I am trying to crawl this page https://www.stickyguide.com/dispensaries/leaf-lab/ using scrapy. I am now having trouble crawling reviews from this page for a long time. If any one has any experience dealing with Ajax or Javascript, please share your thoughts.
1) I can easily get the Xpath for the review:
response.xpath('//*[@id="reviews_section"]/div')
However, I believe the review part of the page is loaded by javascript. Every time when I crawled this page, I got the following value of Xpath:
<Selector xpath='//*[@id="reviews_section"]/div' data=u'<div id="loader">\n<div class="loader"></'>
If there any method I can use to assure that scrapy crawls before javascript has been loaded? When I looked up the method online, using selenium package may be a solution, but it may be not efficient.
2) Another problem I met is that I only want to crawl the data from dispensaries. I need to choose the option "VIEW: Dispensary Only" from the dropdown menu next to the Review module. I took a look at the HTML code and it tends out to be an Ajax object.
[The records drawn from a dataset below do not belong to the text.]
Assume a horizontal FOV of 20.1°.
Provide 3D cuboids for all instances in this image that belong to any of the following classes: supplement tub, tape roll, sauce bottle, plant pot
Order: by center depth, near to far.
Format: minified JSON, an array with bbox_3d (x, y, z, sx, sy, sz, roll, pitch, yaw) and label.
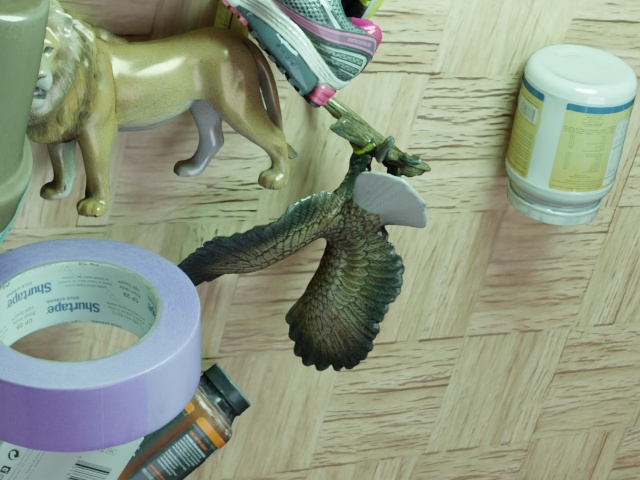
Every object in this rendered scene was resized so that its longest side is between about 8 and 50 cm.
[{"bbox_3d":[-0.362,-0.158,1.663,0.263,0.263,0.229,5,130,-37],"label":"plant pot"},{"bbox_3d":[-0.267,0.109,1.967,0.275,0.275,0.090,-16,128,-26],"label":"tape roll"},{"bbox_3d":[-0.104,-0.221,2.017,0.042,0.042,0.128,-3,123,-34],"label":"sauce bottle"},{"bbox_3d":[-0.183,0.241,2.240,0.198,0.106,0.106,-39,135,-5],"label":"supplement tub"},{"bbox_3d":[0.315,-0.134,2.301,0.144,0.144,0.199,-11,126,-30],"label":"supplement tub"}]

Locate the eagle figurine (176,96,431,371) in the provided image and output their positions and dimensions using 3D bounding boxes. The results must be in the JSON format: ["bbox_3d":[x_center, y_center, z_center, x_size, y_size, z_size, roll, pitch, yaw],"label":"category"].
[{"bbox_3d":[0.002,0.001,2.150,0.298,0.226,0.225,-54,155,2],"label":"eagle figurine"}]

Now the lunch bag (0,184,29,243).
[{"bbox_3d":[-0.448,-0.011,1.823,0.279,0.108,0.224,-12,143,-49],"label":"lunch bag"}]

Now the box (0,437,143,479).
[{"bbox_3d":[-0.340,0.249,2.124,0.182,0.119,0.181,23,106,-42],"label":"box"}]

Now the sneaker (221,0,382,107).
[{"bbox_3d":[-0.059,-0.283,1.910,0.112,0.121,0.299,-40,114,4],"label":"sneaker"}]

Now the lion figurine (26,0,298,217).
[{"bbox_3d":[-0.185,-0.162,1.933,0.392,0.142,0.240,-13,115,-34],"label":"lion figurine"}]

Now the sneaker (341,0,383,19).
[{"bbox_3d":[0.079,-0.394,1.959,0.147,0.145,0.384,-21,140,-44],"label":"sneaker"}]
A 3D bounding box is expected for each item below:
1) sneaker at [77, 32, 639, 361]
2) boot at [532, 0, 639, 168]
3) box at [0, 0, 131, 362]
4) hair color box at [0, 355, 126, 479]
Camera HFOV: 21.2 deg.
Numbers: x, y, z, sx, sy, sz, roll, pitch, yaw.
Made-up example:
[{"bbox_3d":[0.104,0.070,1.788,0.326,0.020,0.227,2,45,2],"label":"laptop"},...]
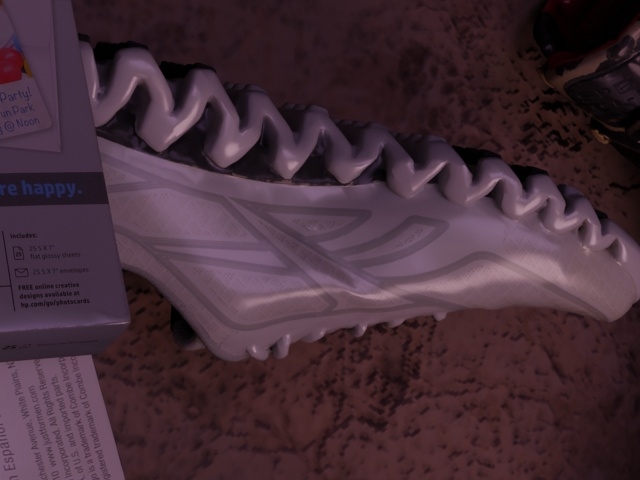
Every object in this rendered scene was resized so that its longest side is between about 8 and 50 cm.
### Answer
[{"bbox_3d":[0.000,0.000,0.739,0.292,0.110,0.118,15,89,-13],"label":"sneaker"},{"bbox_3d":[0.210,0.003,0.853,0.284,0.138,0.377,47,62,-22],"label":"boot"},{"bbox_3d":[-0.153,-0.048,0.593,0.145,0.038,0.186,-2,68,-28],"label":"box"},{"bbox_3d":[-0.242,0.120,0.589,0.347,0.105,0.174,-18,96,-31],"label":"hair color box"}]
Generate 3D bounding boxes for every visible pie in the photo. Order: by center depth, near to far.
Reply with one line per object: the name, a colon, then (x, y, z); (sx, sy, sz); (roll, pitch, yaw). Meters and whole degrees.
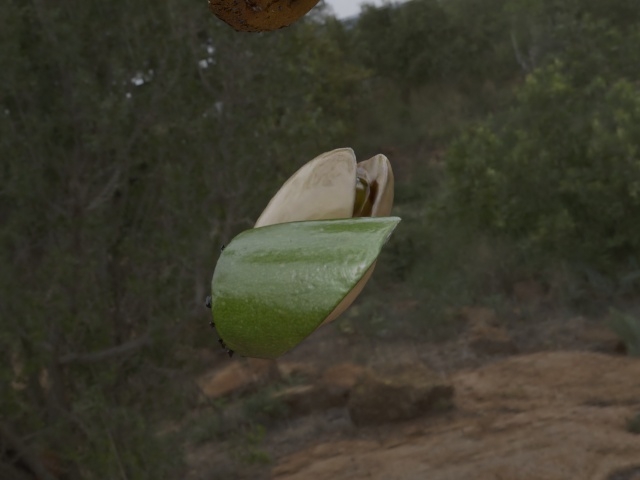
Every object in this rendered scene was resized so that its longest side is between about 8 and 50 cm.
pie: (-0.071, -0.430, 1.535); (0.273, 0.069, 0.273); (-34, -28, -21)

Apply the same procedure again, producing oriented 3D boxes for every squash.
squash: (0.004, 0.066, 1.265); (0.260, 0.189, 0.189); (-2, 17, 35)

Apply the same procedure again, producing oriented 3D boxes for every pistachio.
pistachio: (0.000, 0.000, 1.479); (0.193, 0.318, 0.214); (9, 39, -25)
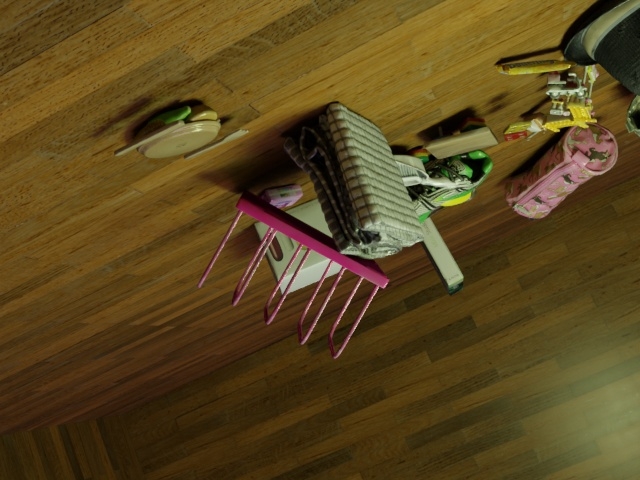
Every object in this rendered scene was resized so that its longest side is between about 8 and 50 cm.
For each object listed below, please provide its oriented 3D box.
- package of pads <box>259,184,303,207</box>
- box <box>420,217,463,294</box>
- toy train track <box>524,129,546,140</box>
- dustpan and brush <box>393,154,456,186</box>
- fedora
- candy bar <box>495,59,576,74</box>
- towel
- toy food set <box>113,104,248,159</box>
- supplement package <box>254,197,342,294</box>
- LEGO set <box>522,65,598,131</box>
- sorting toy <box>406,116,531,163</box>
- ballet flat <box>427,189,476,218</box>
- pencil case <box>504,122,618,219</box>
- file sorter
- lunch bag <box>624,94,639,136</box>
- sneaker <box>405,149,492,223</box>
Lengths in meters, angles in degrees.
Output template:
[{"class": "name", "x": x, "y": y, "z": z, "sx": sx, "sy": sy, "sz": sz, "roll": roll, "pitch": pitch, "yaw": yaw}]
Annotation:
[{"class": "package of pads", "x": -0.081, "y": -0.086, "z": 1.658, "sx": 0.083, "sy": 0.032, "sz": 0.050, "roll": -14, "pitch": 163, "yaw": -36}, {"class": "box", "x": 0.363, "y": 0.044, "z": 2.547, "sx": 0.058, "sy": 0.232, "sz": 0.322, "roll": -29, "pitch": 168, "yaw": 5}, {"class": "toy train track", "x": 0.547, "y": -0.269, "z": 2.073, "sx": 0.048, "sy": 0.014, "sz": 0.083, "roll": -12, "pitch": 164, "yaw": -41}, {"class": "dustpan and brush", "x": 0.196, "y": -0.138, "z": 1.756, "sx": 0.211, "sy": 0.060, "sz": 0.147, "roll": -6, "pitch": 170, "yaw": -26}, {"class": "fedora", "x": 0.606, "y": -0.356, "z": 1.495, "sx": 0.334, "sy": 0.152, "sz": 0.334, "roll": -22, "pitch": 168, "yaw": -5}, {"class": "candy bar", "x": 0.392, "y": -0.316, "z": 1.504, "sx": 0.161, "sy": 0.018, "sz": 0.040, "roll": -9, "pitch": -155, "yaw": -24}, {"class": "towel", "x": 0.064, "y": -0.089, "z": 1.450, "sx": 0.121, "sy": 0.235, "sz": 0.283, "roll": -24, "pitch": 168, "yaw": 20}, {"class": "toy food set", "x": -0.199, "y": -0.154, "z": 1.170, "sx": 0.132, "sy": 0.038, "sz": 0.192, "roll": -21, "pitch": 175, "yaw": 22}, {"class": "supplement package", "x": 0.000, "y": 0.000, "z": 1.906, "sx": 0.262, "sy": 0.145, "sz": 0.204, "roll": -23, "pitch": 168, "yaw": -5}, {"class": "LEGO set", "x": 0.524, "y": -0.308, "z": 1.761, "sx": 0.132, "sy": 0.107, "sz": 0.287, "roll": 11, "pitch": 174, "yaw": 5}, {"class": "sorting toy", "x": 0.299, "y": -0.219, "z": 1.711, "sx": 0.274, "sy": 0.046, "sz": 0.132, "roll": -13, "pitch": 171, "yaw": 19}, {"class": "ballet flat", "x": 0.304, "y": -0.103, "z": 2.253, "sx": 0.250, "sy": 0.058, "sz": 0.084, "roll": -24, "pitch": -156, "yaw": 26}, {"class": "pencil case", "x": 0.662, "y": -0.189, "z": 2.300, "sx": 0.160, "sy": 0.167, "sz": 0.386, "roll": 14, "pitch": 158, "yaw": -11}, {"class": "file sorter", "x": -0.056, "y": 0.062, "z": 1.500, "sx": 0.182, "sy": 0.290, "sz": 0.202, "roll": -61, "pitch": -174, "yaw": 5}, {"class": "lunch bag", "x": 0.861, "y": -0.347, "z": 1.963, "sx": 0.287, "sy": 0.169, "sz": 0.235, "roll": -34, "pitch": 165, "yaw": 23}, {"class": "sneaker", "x": 0.253, "y": -0.138, "z": 1.887, "sx": 0.343, "sy": 0.134, "sz": 0.146, "roll": -26, "pitch": 164, "yaw": -36}]
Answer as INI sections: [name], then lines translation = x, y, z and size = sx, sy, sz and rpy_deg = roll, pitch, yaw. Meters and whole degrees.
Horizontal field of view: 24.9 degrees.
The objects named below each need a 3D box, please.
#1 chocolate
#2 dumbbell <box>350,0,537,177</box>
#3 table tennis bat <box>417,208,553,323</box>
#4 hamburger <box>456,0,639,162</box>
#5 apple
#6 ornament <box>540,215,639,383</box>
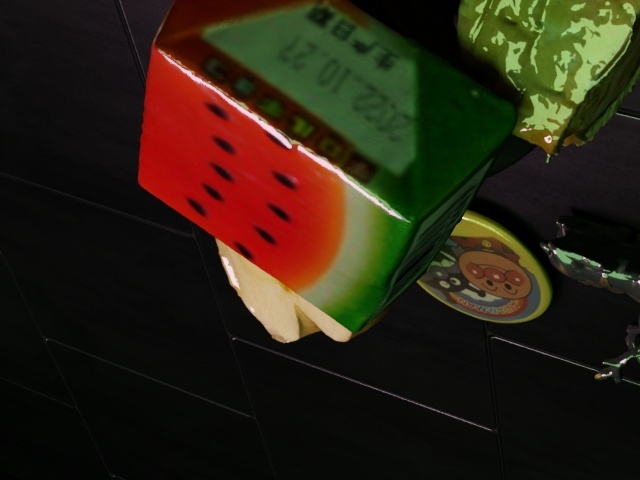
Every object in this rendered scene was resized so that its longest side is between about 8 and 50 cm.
[chocolate]
translation = -0.017, -0.092, 1.466
size = 0.341, 0.161, 0.360
rpy_deg = 34, 155, 6
[dumbbell]
translation = 0.102, -0.231, 1.503
size = 0.203, 0.204, 0.322
rpy_deg = -3, 132, 45
[table tennis bat]
translation = 0.167, -0.010, 1.886
size = 0.224, 0.054, 0.369
rpy_deg = 1, 139, 43
[hamburger]
translation = 0.237, -0.265, 1.350
size = 0.209, 0.162, 0.330
rpy_deg = 37, 124, 14
[apple]
translation = 0.000, 0.000, 1.937
size = 0.293, 0.163, 0.251
rpy_deg = -6, 110, 56
[ornament]
translation = 0.367, 0.087, 1.804
size = 0.202, 0.080, 0.236
rpy_deg = 17, 145, 20
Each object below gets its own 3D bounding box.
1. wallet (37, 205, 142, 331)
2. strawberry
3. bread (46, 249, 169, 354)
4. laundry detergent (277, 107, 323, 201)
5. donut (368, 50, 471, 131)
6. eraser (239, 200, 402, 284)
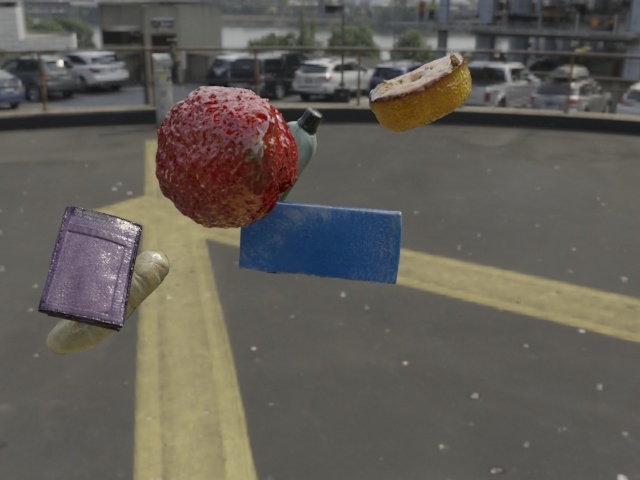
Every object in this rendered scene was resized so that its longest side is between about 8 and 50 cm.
[{"bbox_3d":[-0.306,0.035,1.039,0.111,0.030,0.166,18,54,-23],"label":"wallet"},{"bbox_3d":[-0.150,-0.145,1.316,0.257,0.257,0.277,-10,6,-28],"label":"strawberry"},{"bbox_3d":[-0.301,0.096,1.129,0.053,0.073,0.214,36,68,28],"label":"bread"},{"bbox_3d":[-0.067,-0.176,1.594,0.070,0.226,0.099,6,38,-44],"label":"laundry detergent"},{"bbox_3d":[0.219,-0.332,1.693,0.253,0.118,0.253,-23,22,10],"label":"donut"},{"bbox_3d":[0.000,0.000,1.492,0.311,0.144,0.042,5,8,8],"label":"eraser"}]
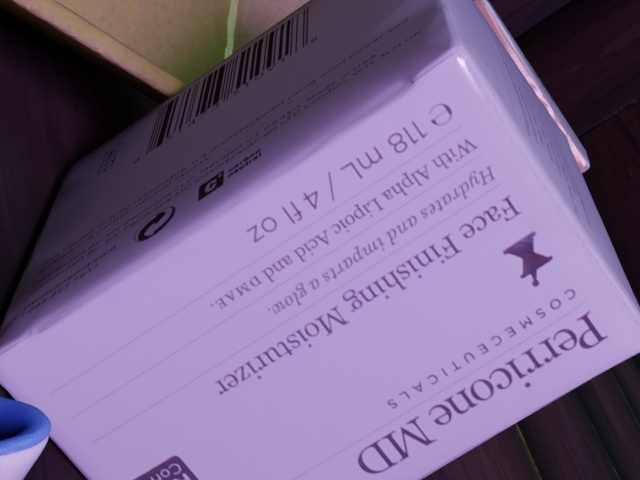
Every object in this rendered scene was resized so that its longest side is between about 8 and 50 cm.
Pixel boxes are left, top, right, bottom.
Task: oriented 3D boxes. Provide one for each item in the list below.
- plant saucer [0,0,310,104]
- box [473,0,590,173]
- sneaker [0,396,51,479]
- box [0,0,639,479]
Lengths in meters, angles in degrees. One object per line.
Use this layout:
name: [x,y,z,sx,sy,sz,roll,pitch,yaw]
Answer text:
plant saucer: [-0.092,-0.216,0.666,0.333,0.081,0.333,30,58,-49]
box: [0.071,-0.060,0.972,0.130,0.170,0.091,56,11,-3]
sneaker: [-0.120,0.013,0.335,0.144,0.059,0.053,52,16,-16]
box: [0.000,0.000,0.533,0.119,0.181,0.182,52,14,-19]
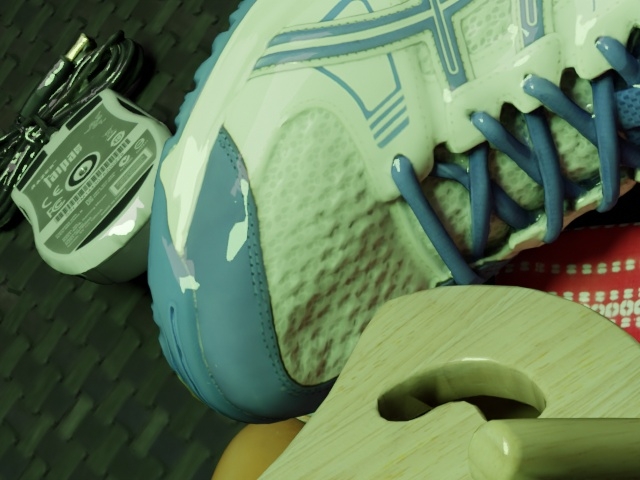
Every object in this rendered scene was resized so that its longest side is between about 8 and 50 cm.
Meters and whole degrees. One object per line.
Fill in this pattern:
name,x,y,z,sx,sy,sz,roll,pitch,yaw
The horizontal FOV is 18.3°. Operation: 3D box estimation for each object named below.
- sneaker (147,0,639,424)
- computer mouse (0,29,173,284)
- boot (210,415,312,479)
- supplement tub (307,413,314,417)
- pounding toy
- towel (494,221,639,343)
sneaker,0.073,-0.059,0.582,0.296,0.112,0.131,-50,42,-14
computer mouse,-0.091,-0.023,0.804,0.106,0.042,0.193,-46,27,1
boot,-0.054,0.112,0.572,0.073,0.152,0.197,-22,47,35
supplement tub,0.000,0.000,0.673,0.071,0.071,0.107,12,70,50
pounding toy,0.014,0.067,0.448,0.269,0.155,0.154,-24,35,-8
towel,0.095,0.109,0.520,0.199,0.031,0.275,-6,57,43
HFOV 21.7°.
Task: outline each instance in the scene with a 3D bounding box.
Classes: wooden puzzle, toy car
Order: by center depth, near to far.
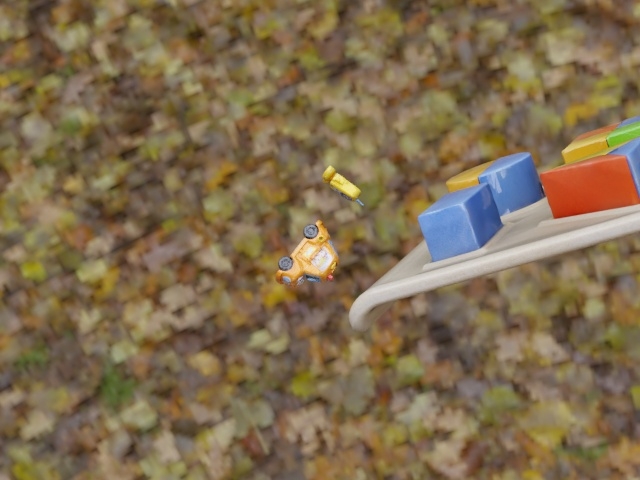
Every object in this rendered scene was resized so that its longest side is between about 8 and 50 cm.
[{"bbox_3d":[0.000,0.000,1.246,0.040,0.122,0.060,37,64,10],"label":"toy car"},{"bbox_3d":[0.210,-0.041,1.568,0.348,0.080,0.322,-22,6,23],"label":"wooden puzzle"}]
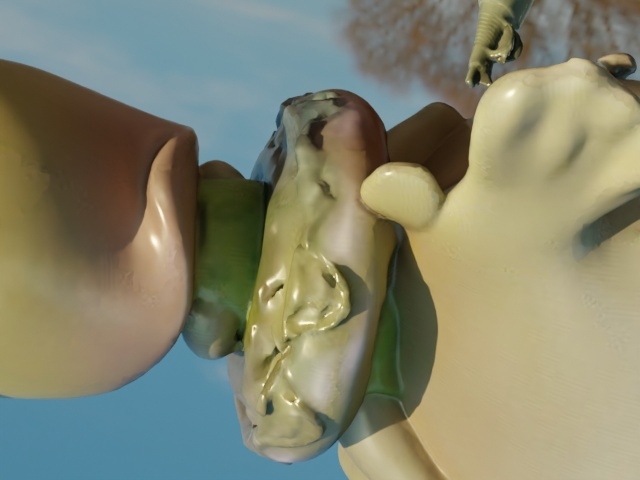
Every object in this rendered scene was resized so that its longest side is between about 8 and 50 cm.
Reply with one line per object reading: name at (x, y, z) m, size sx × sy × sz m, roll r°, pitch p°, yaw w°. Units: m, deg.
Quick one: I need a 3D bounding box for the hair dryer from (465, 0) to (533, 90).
hair dryer at (0.149, -0.171, 0.816) m, size 0.206 × 0.237 × 0.075 m, roll 11°, pitch 152°, yaw 39°

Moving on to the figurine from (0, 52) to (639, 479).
figurine at (0.000, 0.000, 0.517) m, size 0.394 × 0.274 × 0.226 m, roll 10°, pitch -116°, yaw -14°

<select id="sort" name="sort" onchange="new Ajax.Request('/update_reviews_section/2487', {asynchronous:true, evalScripts:true, parameters:'sort_by=' + $('sort').value + '&authenticity_token=' + encodeURIComponent('69BgJpnnj0tx/0lYwjIk75iFj0/l2R9EDj1No1FJX9o=')})">
If there any method I can use to request the content of the option "VIEW: Dispensary Only"? I have tried a lot of methods on stackoverflow but I still can't work this out.
Thank you in advance